Connection to embodied use? Because our goal is to adhere to the rules and rigours of the work, what emerges clearly is the points where we cannot adhere any longer, where we must diverge. For us this is the site of the artwork because we acknowledge these points of divergence emerge from pragmatic technological decisions (in one work it became video rather than 16mm), literal application of the rules (which can look very simple eg in WWM, we cut down my mirror size to retain Guy’s proportion relative to my height so that I could physically manage it), and our creative response. In the case of WWM, after some months planning to make two separate re-enactments, one each, we realised that we could make one performance containing both performances. So this slip from one to two has become the key marker or contribution from this work. And it comes from the methodology of the performance dependent heritage, it’s come from within the algorithm of the work. But what’s critical is that it has come from running the algorithm through our bodies, Lucas’ and mine.
What the user’s manual sets up is the opportunity for embodied use by someone else and for TLC to pass the work on to someone else. We explored this earlier this year with former Hobart artist Laura Hindmarsh. We worked with Laura to assist her to use the user’s manual, to shoot her film and then to put it together as a performance. We spent several days doing it. We made the work on super 8 film as per the manual but it emerged that Laura wanted to transpose a version to 16mm, hand-processed black and white film. So this looks like Laura’s embedded use. I will explain this term in just a moment.
Preparation for 16mm shoot of Man With Mirror, foreground Laura Hindmarsh, background Lucas Ihlein, April 2016.
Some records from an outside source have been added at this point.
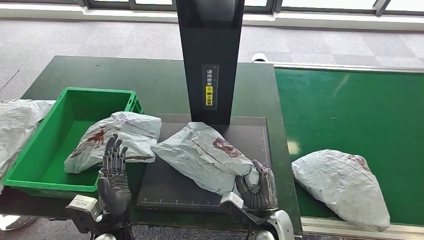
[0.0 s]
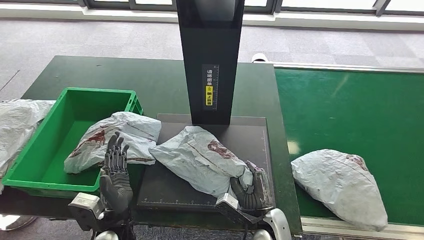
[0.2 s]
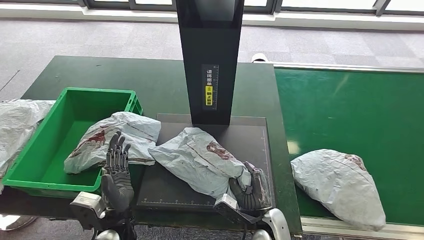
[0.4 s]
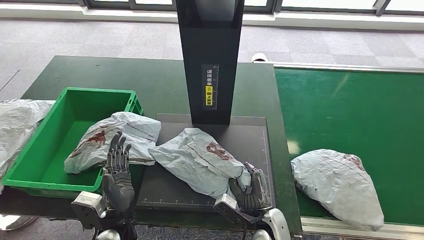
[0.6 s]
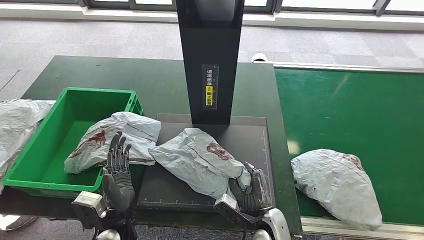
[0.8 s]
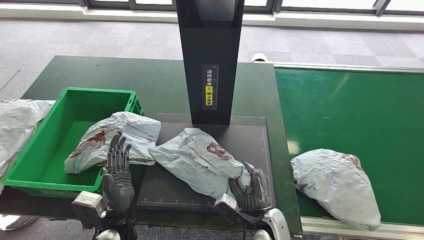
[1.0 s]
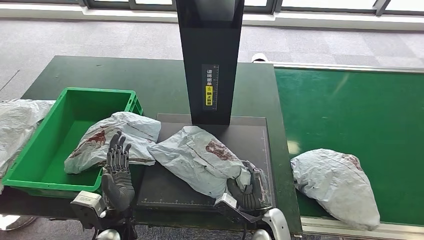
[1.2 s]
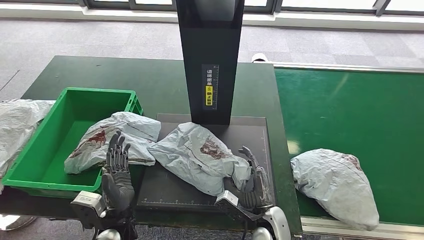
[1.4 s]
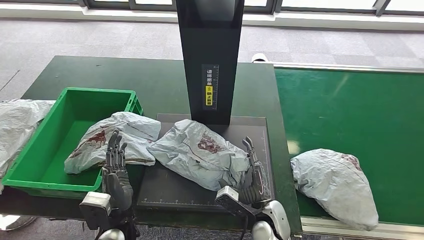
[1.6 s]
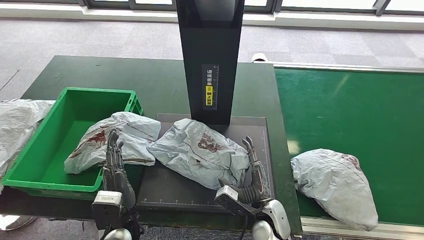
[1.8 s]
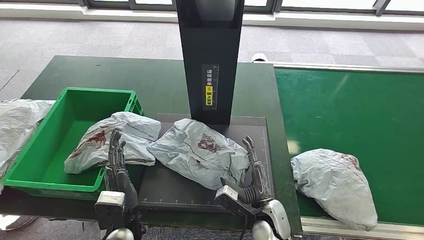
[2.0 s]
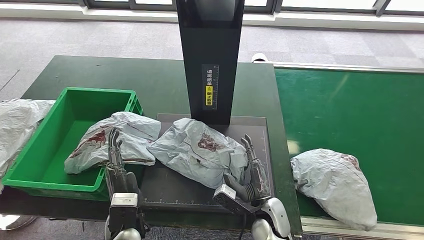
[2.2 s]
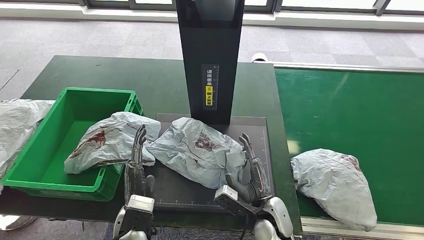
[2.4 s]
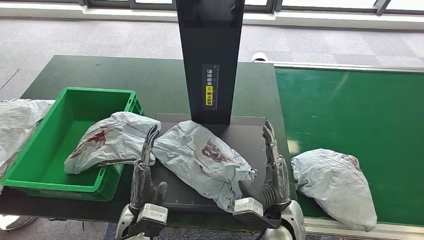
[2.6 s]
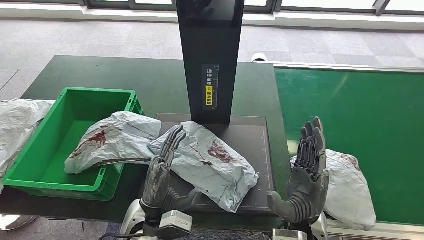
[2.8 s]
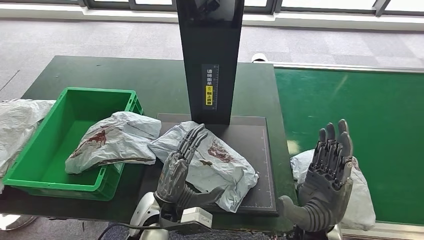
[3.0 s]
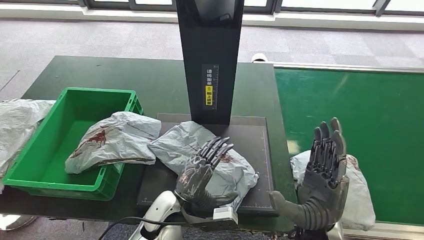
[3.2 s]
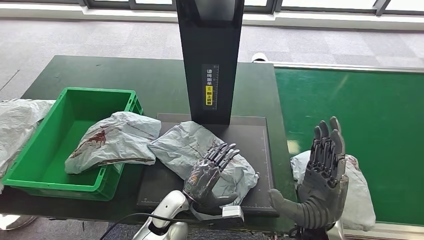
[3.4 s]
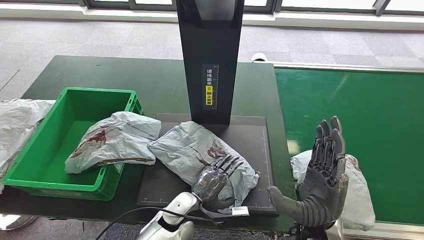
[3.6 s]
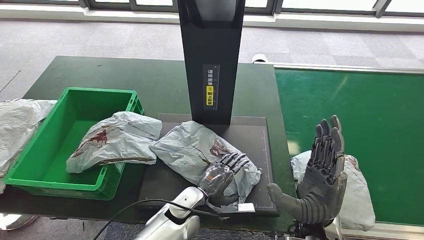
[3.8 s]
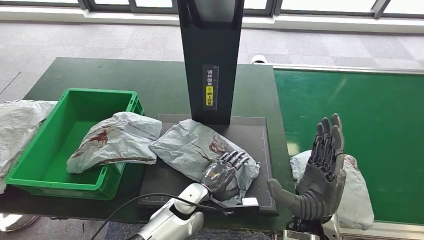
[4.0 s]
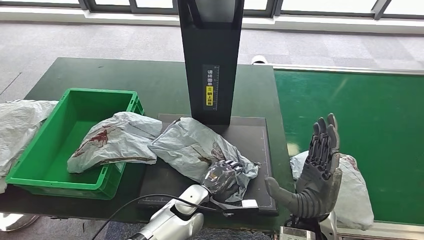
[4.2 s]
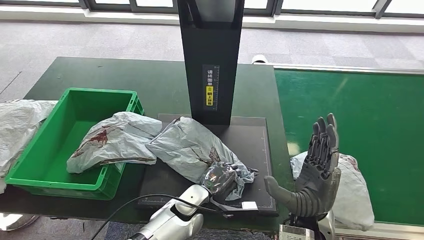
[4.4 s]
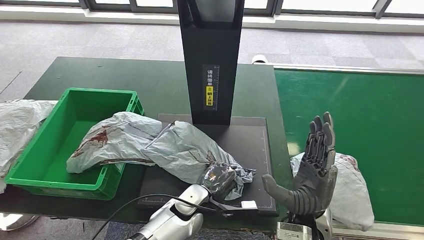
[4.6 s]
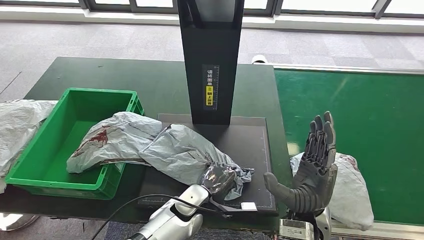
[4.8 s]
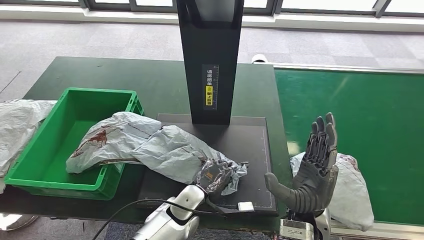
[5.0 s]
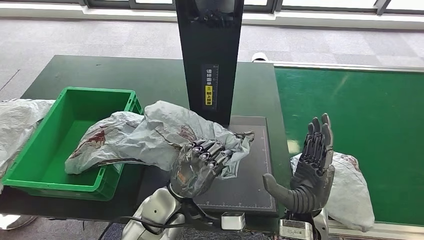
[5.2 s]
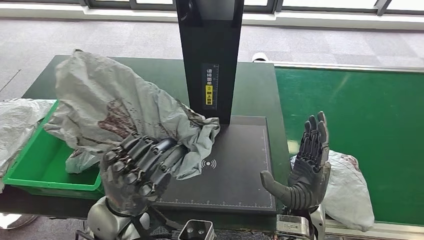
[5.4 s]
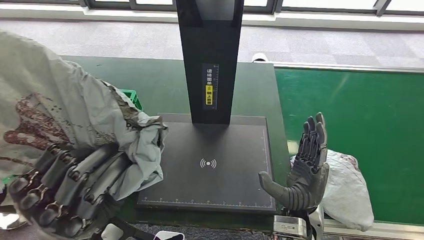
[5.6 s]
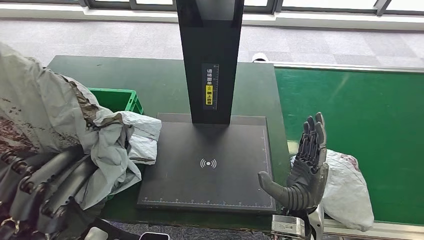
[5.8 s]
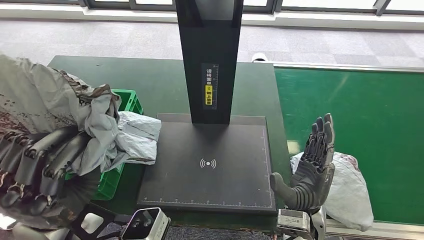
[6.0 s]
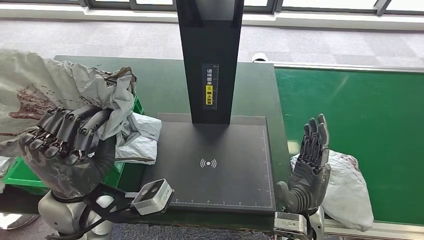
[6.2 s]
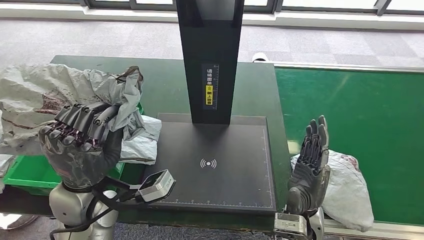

So to draw the link back to DH which I read as a field concerned with ways to make use of the digital to generate or augment knowledge, TLC’s re-enactments are an instance of performance-dependent heritage. They rely upon performance in response to algorithms or operating codes, and that performance occurs in a particular place and time for, or in our case, with, a particular user. The outputs of re-enactment go a step further in making the particularity of that use tangible – TLC’s (Wo)Man With Mirror consists of two of us, Laura’s will include a hand-processed B&W film on 16mm.
So I am casting ‘embedded use’ as a synonym for the user’s particular, peculiar experience and I think this inflection is critical for the idea of tending, that we channel our care for digital things through use, as through using things, we maintain them and through embodied use, we reinvigorate them. And by combining these processes, we can interpret and understand the archived artefacts; we can prevent them from lapsing into oblivion.
 Ihlein, L. (2005). “Pre-Digital New Media Art.” RealTime Arts 66, no. April-May, 26.
 Guy confirms that in recent years a 16mm copy of his super 8 film was made by EYE Filmmuseum, Amsterdam.
 An example is the Variable Media Questionnaire developed by the Forging the Future alliance, a tool for ‘recording opinions on how to preserve creative works when their current medium becomes obsolete.’ See http://variablemediaquestionnaire.net/ for more information.
 Ihlein, M & Curham, L. (2015). Reaching Through to the Object. Performance Matters 1.1-2: 24-40.
 Schneider, R. (2011). Performing remains : art and war in times of theatrical reenactment. London: Routledge.